Qualcuno potrebbe pensare che la sfida educativa riguardi i ragazzini che fanno chiasso di notte sotto casa o che procurano danni a scuola appena il prof gira le spalle.
Ma non è così, perché oggi i primi ad essere interpellati sono proprio gli adulti e il mondo che propongono alle nuove generazioni, cominciando dai ministri che risolvono il problema migranti con un “fora dai ball”, con le star della politica che si confrontano ogni giorno in tv a forza di insulti e parolacce, con la proposizione di personaggi come il signor Corona al livello di maitre à penser o della signorina Ruby come un modello di furbizia, che ben s’intona all’ambiente da lei frequentato recentemente.
Un mondo di adulti che giustifica tutto: parole, egoismi, basso ventre. Lo fa per ideologia, lo fa per interesse, lo fa per paura di dover cambiare o mettersi in discussione.

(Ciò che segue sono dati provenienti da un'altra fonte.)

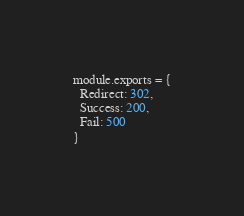Convert code to text. <code><loc_0><loc_0><loc_500><loc_500><_JavaScript_>
module.exports = {
  Redirect: 302,
  Success: 200,
  Fail: 500
}</code> 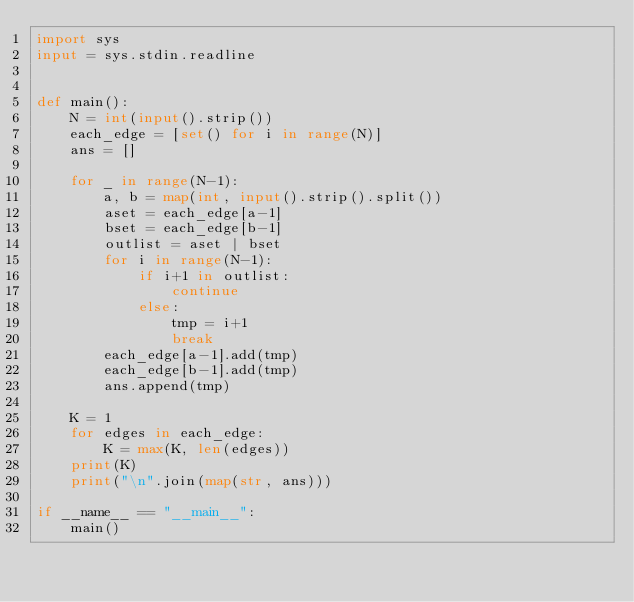<code> <loc_0><loc_0><loc_500><loc_500><_Python_>import sys
input = sys.stdin.readline


def main():
    N = int(input().strip())
    each_edge = [set() for i in range(N)]
    ans = []

    for _ in range(N-1):
        a, b = map(int, input().strip().split())
        aset = each_edge[a-1]
        bset = each_edge[b-1]
        outlist = aset | bset
        for i in range(N-1):
            if i+1 in outlist:
                continue
            else:
                tmp = i+1
                break
        each_edge[a-1].add(tmp)
        each_edge[b-1].add(tmp)
        ans.append(tmp)

    K = 1
    for edges in each_edge:
        K = max(K, len(edges))
    print(K)
    print("\n".join(map(str, ans)))

if __name__ == "__main__":
    main()
</code> 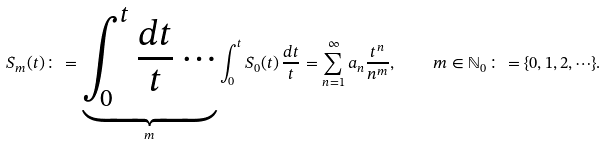<formula> <loc_0><loc_0><loc_500><loc_500>S _ { m } ( t ) \colon = \underbrace { \int ^ { t } _ { 0 } \frac { d t } { t } \cdots } _ { m } \int ^ { t } _ { 0 } S _ { 0 } ( t ) \, \frac { d t } { t } = \sum ^ { \infty } _ { n = 1 } a _ { n } \frac { t ^ { n } } { n ^ { m } } , \quad m \in \mathbb { N } _ { 0 } \colon = \{ 0 , 1 , 2 , \cdots \} .</formula>

Una rappresentazione fasulla dell’esistenza con il tentativo di porre in primo piano il successo basato sull’immagine, la scalata furba, il guadagno facile, l’ostentazione e anche il mercimonio di sé.
Dove ci può portare un simile progetto educativo che i mass media hanno sposato e che fa scuola ad adulti ed infanti ogni giorno da mattino a notte fonda?
Di fronte a questo disastro antropologico, la sfida educativa è una chiamata, anzitutto per noi cristiani, a reagire, aprire gli occhi, sciogliere il nodo della lingua e proporre quella che il Papa stesso chiama “cultura alternativa”, frutto di coerenza di vita e di coinvolgimento personale.
In gioco c’è un diverso rapporto con Dio, con la natura (nel rispetto del creato), con le cose (non più viste come merci ma come beni), con le persone (riscoprire nell’altro, soprattutto nel più povero, il volto di Dio), con la mondialità (l’altro non più come minaccia, ma come dono).
E così passeremo dall’indifferenza alla responsabilità, dal menefreghismo alla solidarietà, dalla chiusura al coinvolgimento.
Di queste cose la Chiesa riminese ha iniziato a discutere nel convegno voluto dal Vescovo che inaugura per tutta la nostra comunità diocesana il decennio “Educare alla vita buona del vangelo”. Non è certo solo questione nostra, ma almeno cominciamo noi.